Wrong. This is the worst manifestation of the broken window fallacy: a parable of a hypothetical boy breaking a window, forcing the shopkeeper to hire a repairman, thus transferring money and stimulating the economy. The fallacy is that destruction does not create new wealth. The economy would’ve been better served if the shopkeeper could spend his money on other pursuits than fixing intentional destruction. Factories producing tanks for the government does not create wealth. In fact, those weapons often go on to destroy wealth. Three million government workers digging ditches with spoons does not create wealth, just as conscripting men into the army does not create wealth. Government must always tax or inflate to pay for its expenses, so ultimately it’s just taking money out of your left pocket and putting it in your right.

If we allow this myth to persist, then we are prone to make the same mistakes in the future.

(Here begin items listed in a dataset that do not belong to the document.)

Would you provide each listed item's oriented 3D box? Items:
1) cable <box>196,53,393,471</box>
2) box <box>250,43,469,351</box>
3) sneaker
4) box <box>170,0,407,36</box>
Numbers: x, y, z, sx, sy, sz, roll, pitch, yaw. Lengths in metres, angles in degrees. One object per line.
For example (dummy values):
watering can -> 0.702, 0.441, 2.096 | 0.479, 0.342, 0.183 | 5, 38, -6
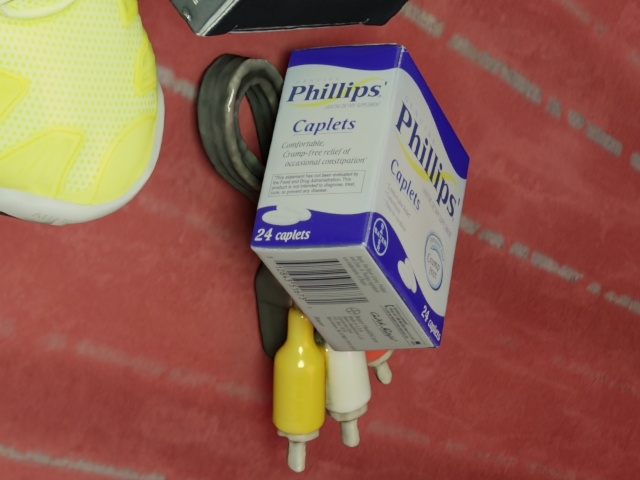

Modern American democracy is already over-emphasizing employment as the ultimate measure of the economy. Politicians speak of jobs like they are all humans live for. What matters more is the quality of those jobs and the opportunities for workers to purchase what makes them happy. Similarly, spending on war will never improve the economy in real terms. What the GDP comprises of is very important: a small GDP of consumer goods means more for human welfare than a large GDP of weapons.

WWII should not be praised as an improvement of human welfare. It was the worst thing that ever happened on Earth. When wartime spending ended, government cronies predicted economic disaster. Yet human welfare flourished to unforeseen heights. That’s the lesson we should learn here.